[Records from a data source]

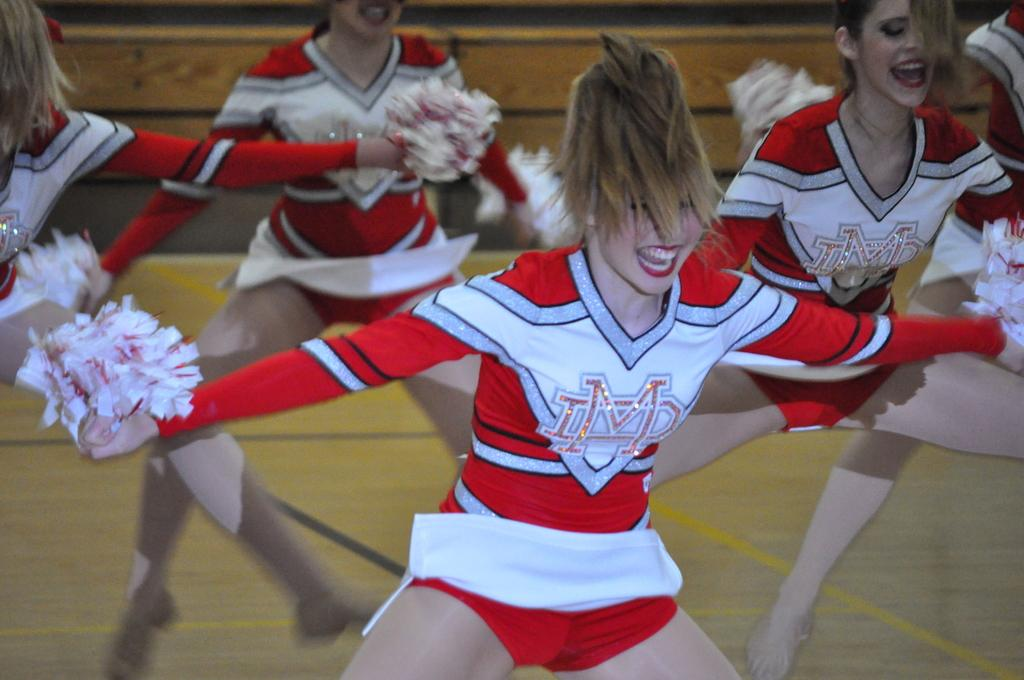<image>
Share a concise interpretation of the image provided. A girl is in a cheer costume with the letters LMD on the front. 
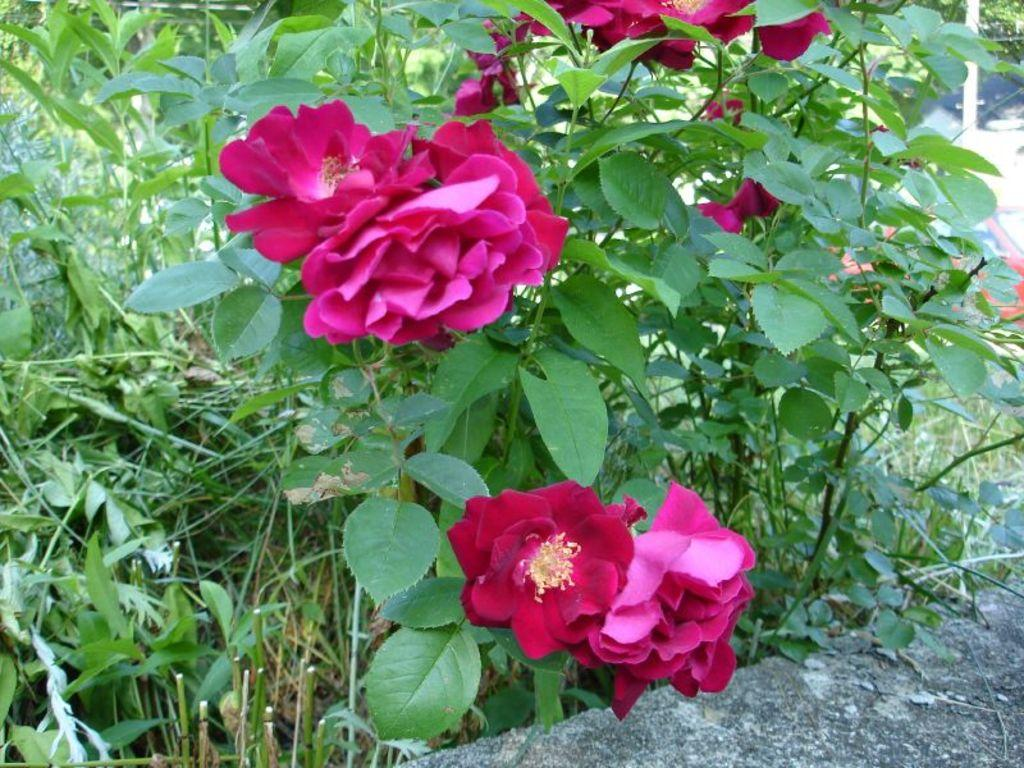What color are the flowers in the image? The flowers in the image are pink. Where are the flowers located? The flowers are on plants. What can be seen in the background of the image? There is a pole and a vehicle in the background of the image. How many wishes can be granted by the harmony of the flowers in the image? There is no mention of wishes or harmony in the image, as it only features pink flowers on plants, a pole, and a vehicle in the background. 
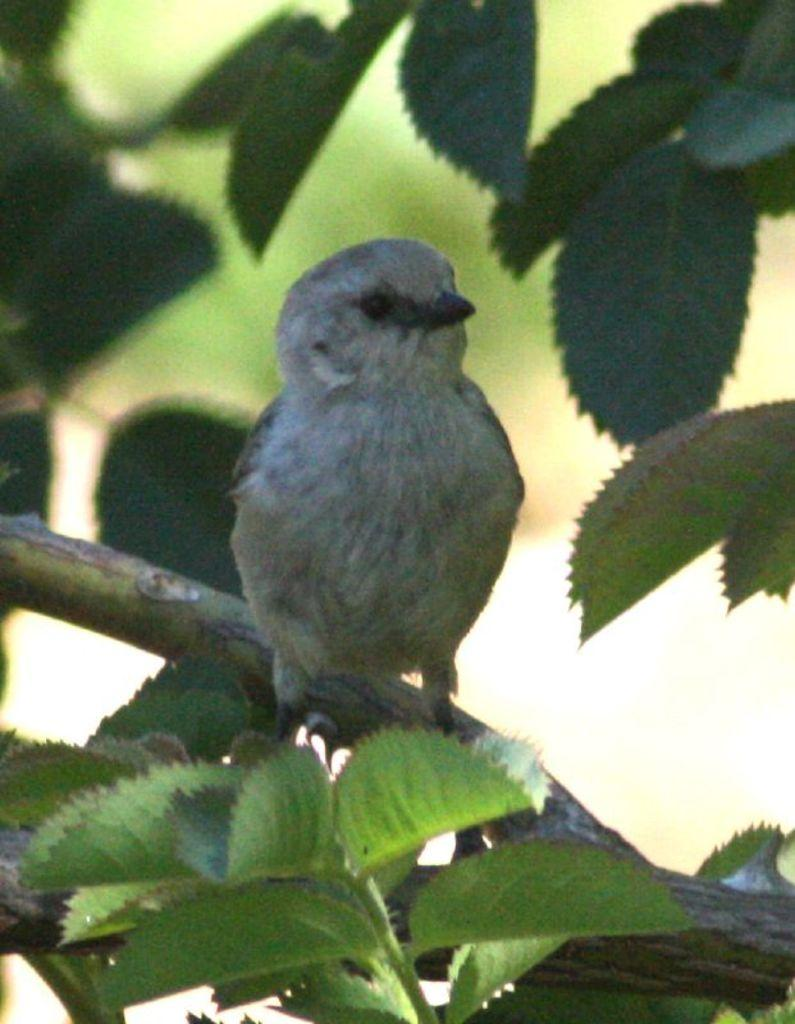What type of animal can be seen in the image? There is a bird in the image. Where is the bird located? The bird is on a branch of a tree in the image. What is the bird sitting on? The bird is sitting on a branch of a tree. What can be seen around the bird? There are leaves visible around the bird. What type of star can be seen in the image? There is no star visible in the image; it features a bird on a tree branch with leaves around it. How does the bird stretch in the image? The bird is not stretching in the image; it is sitting on a branch with its wings close to its body. 
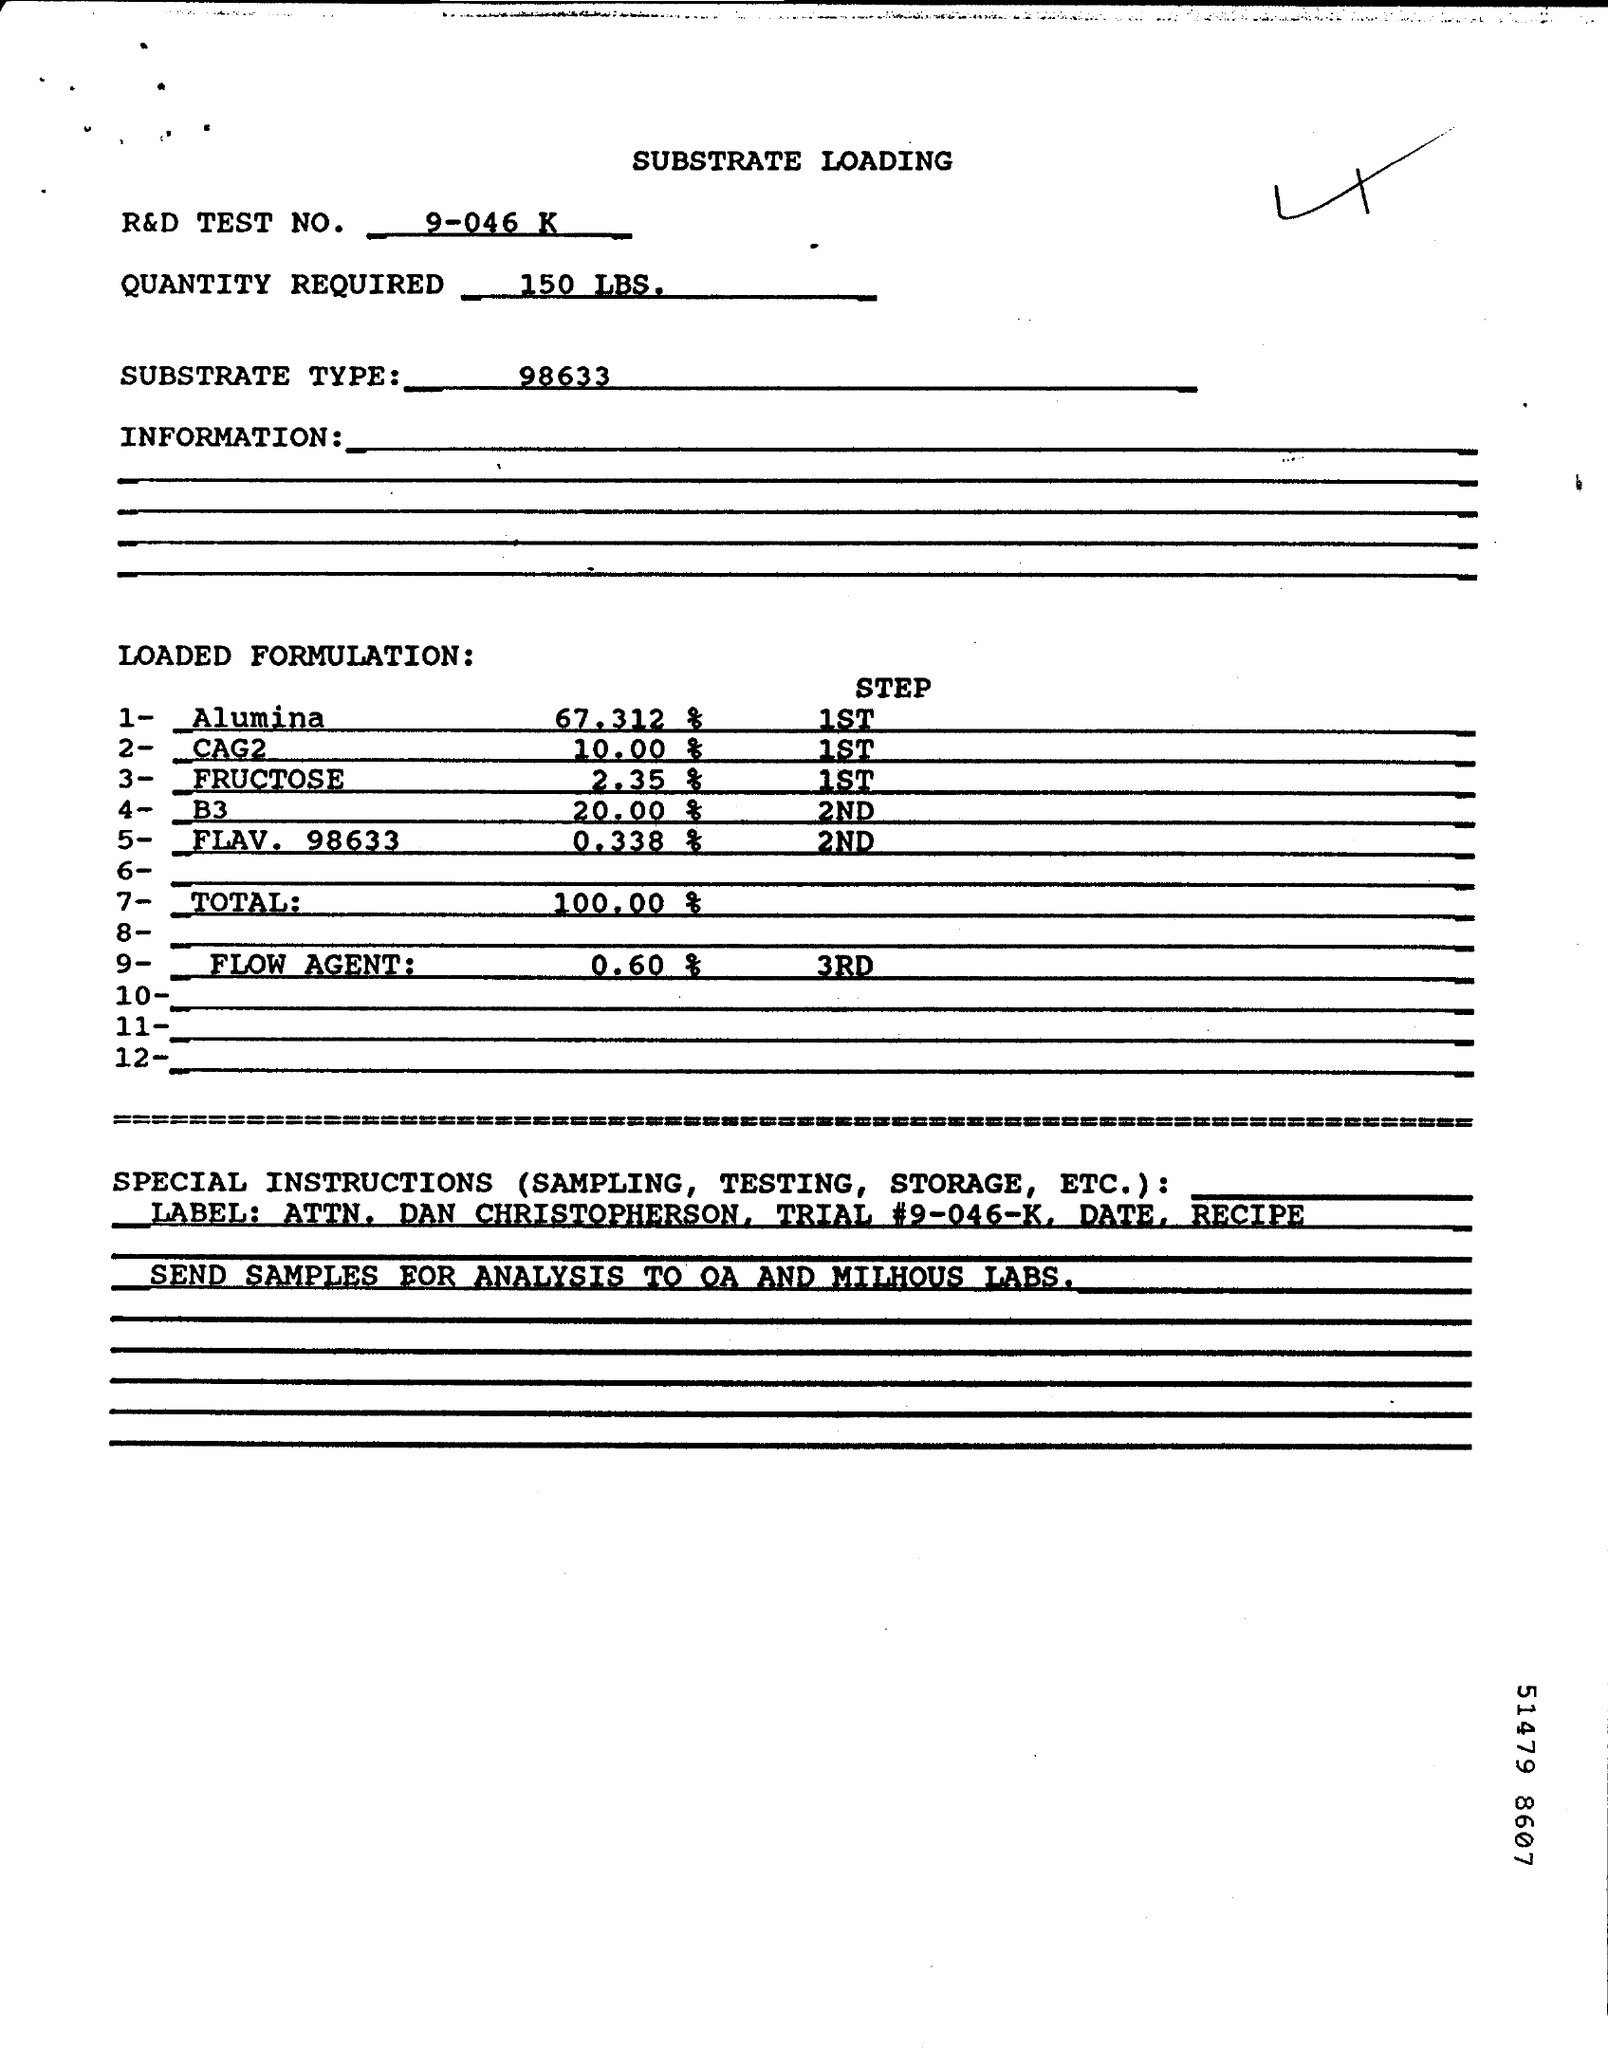Point out several critical features in this image. The required quantity is 150 LBS as per the document. The R&D Test No. given in the document is 9-046 K... The document mentions a type of substrate, which is 98633. 
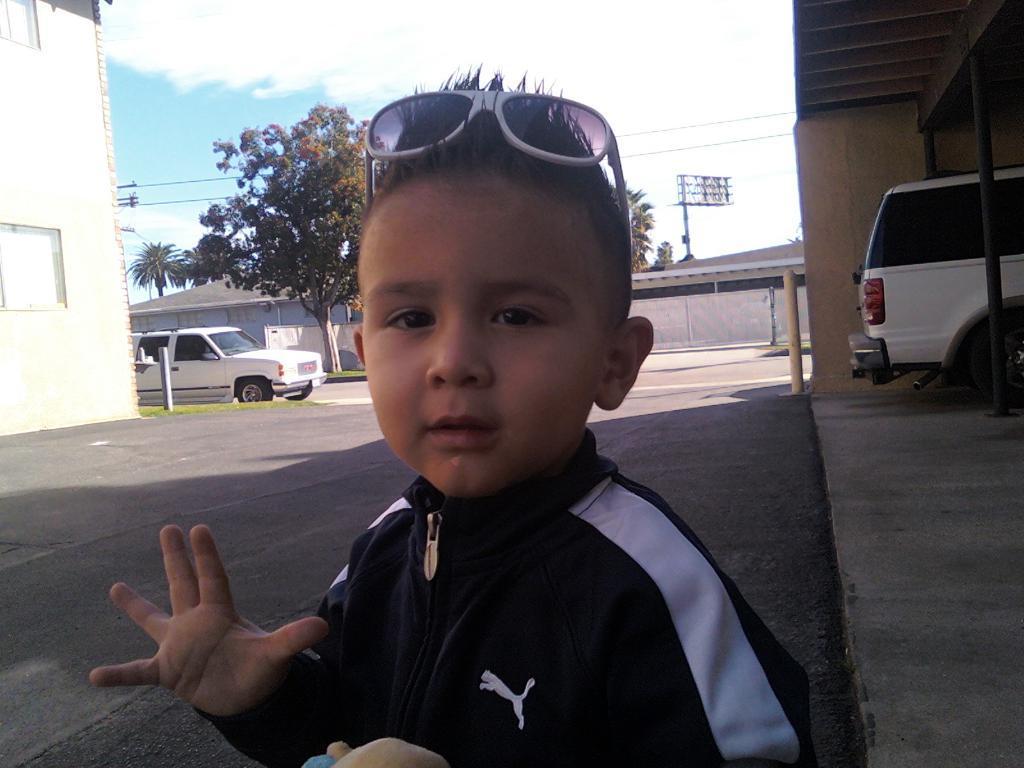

— ABOUT THIS TASK —
The answer must consist solely of the lines from the first line of the records through the line containing "What type of animal", reproduced exactly and without the pictures.

— ANSWER BOX —
<image>
Share a concise interpretation of the image provided. A girl is in a cheer costume with the letters LMD on the front. 
What color are the flowers in the image? The flowers in the image are pink. Where are the flowers located? The flowers are on plants. What can be seen in the background of the image? There is a pole and a vehicle in the background of the image. How many wishes can be granted by the harmony of the flowers in the image? There is no mention of wishes or harmony in the image, as it only features pink flowers on plants, a pole, and a vehicle in the background. 
What type of animal can be seen in the image? There is a bird in the image. Where is the bird located? The bird is on a branch of a tree in the image. What is the bird sitting on? The bird is sitting on a branch of a tree. What can be seen around the bird? There are leaves visible around the bird. What type of star can be seen in the image? There is no star visible in the image; it features a bird on a tree branch with leaves around it. How does the bird stretch in the image? The bird is not stretching in the image; it is sitting on a branch with its wings close to its body. 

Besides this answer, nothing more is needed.